Spend more time on documentation, governance and data quality issues
Avoid custom code. Custom code gets hidden in places such as dashboards and is often not documented. Tools such as DBT are useful for unwinding and understanding the business logic.
Garbage in means garbage out
Everything a data team does is built on trust in data. There is a point when data is of such poor quality, that gut feeling is actually better than trusting data. Sad but true.
Did our veterans create technical debt?
Yes they did….
A couple of the respondents said that the engineers found Spark appealing, but Spark skillsets are rare, which made hiring and upskilling difficult. They regretted starting with Spark instead of an easier alternative.
The budgets were tight, so some of the tool choices were suboptimal. For example, one respondent made a choice to use Redshift due to budget constraints and the ability to convince stakeholders.
Other respondents chose Postgres and BigQuery and did not govern.
Lack of governance, overly focusing on speed rather than quality
Custom code, bugs, hacks. inconsistency. All of these issues were mentioned multiple times and had to be cleaned up expensively later on, often by another data leader. It is important to take care of metadata, data quality, governance and documentation.
How much will the first year cost?
The average was 800K Euros. 700K for personnel costs, 100K for tools. The lowest cost was 300K with huge amounts of overtime. The largest cost was 1.1 Million Euros for a company that scaled up its team after receiving a large investment.

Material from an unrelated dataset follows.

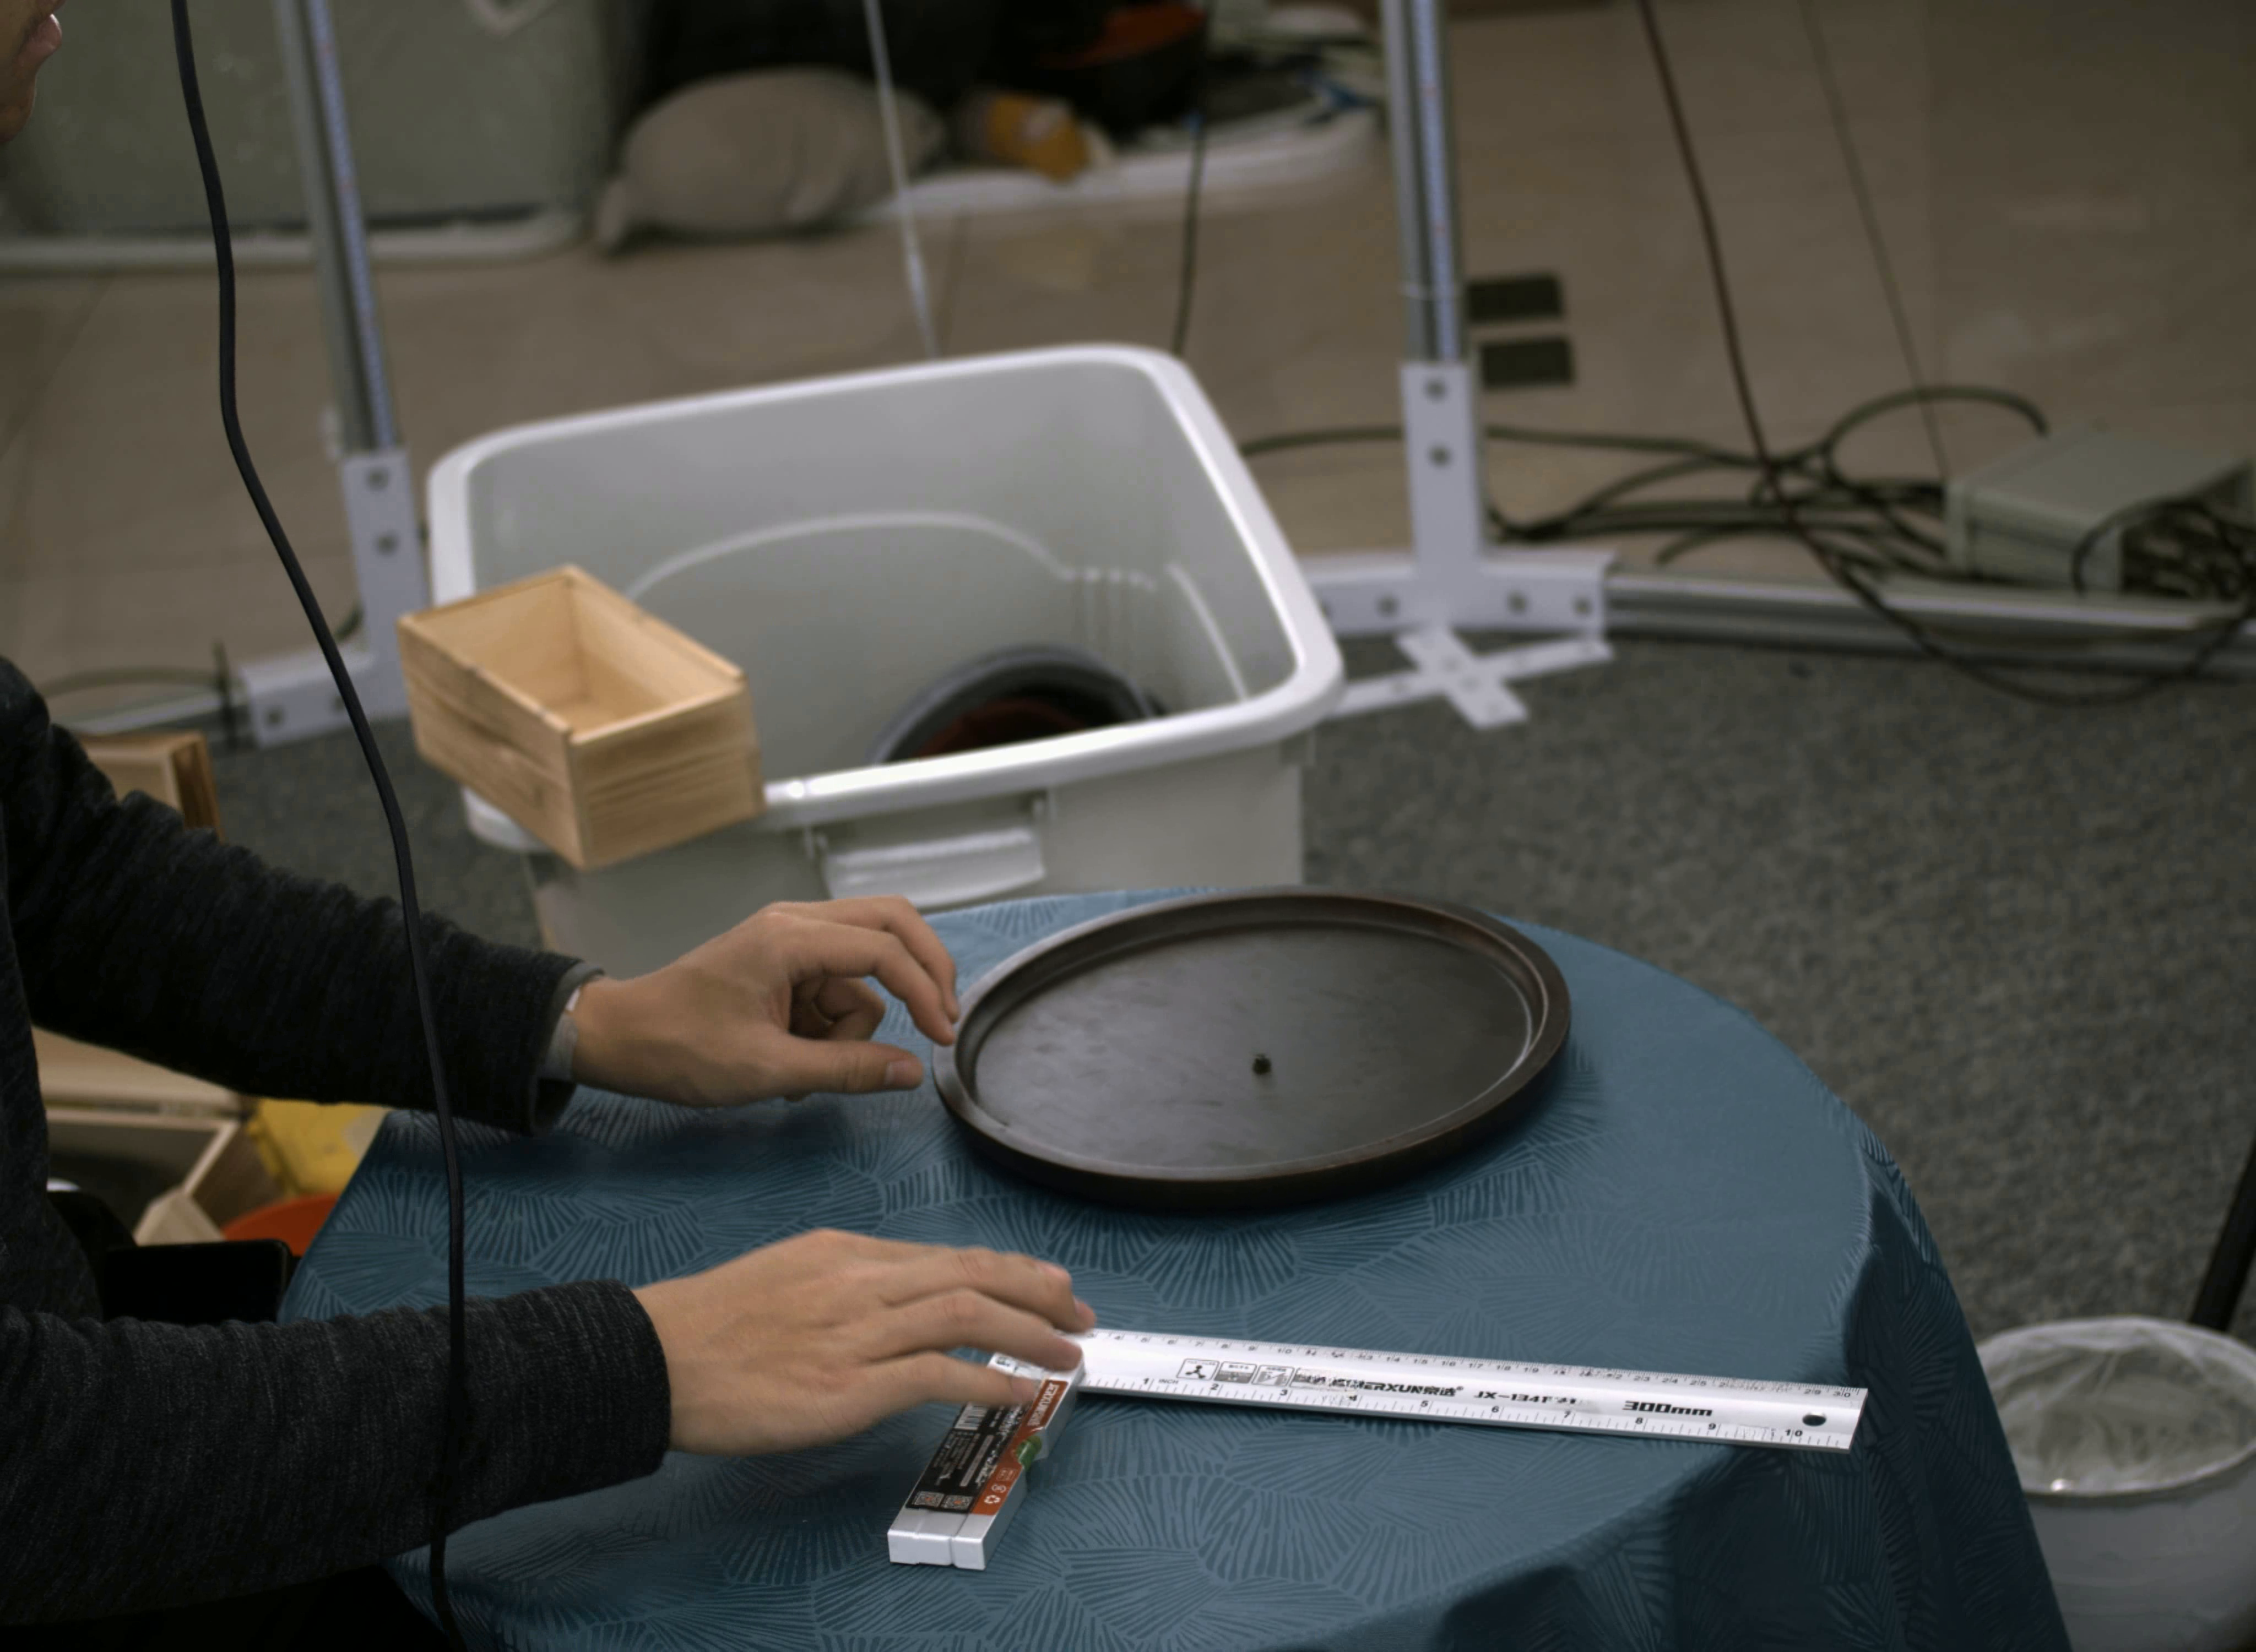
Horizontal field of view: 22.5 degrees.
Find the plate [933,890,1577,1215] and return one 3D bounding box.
[{"bbox_3d":[0.049,0.087,2.220,0.254,0.029,0.251,-4,25,2],"label":"plate"}]

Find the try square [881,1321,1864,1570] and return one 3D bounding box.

Data functions are an artifact of their organization, thus there is no cookbook for how to successfully execute a greenfield project. With a limited budget and mediocre political clout, decisions will focus on trade offs rather than building a world-class organization. Building a data function that is strategic and represents a competitive advantage is a long-term investment whose return on investment will likely still remain negative in the first year, despite some early wins. How long it will take to eventually break even or even realize a positive ROI depends on the ability of the team to produce impactful use cases and KPIs while maintaining quality data and engaging stakeholders.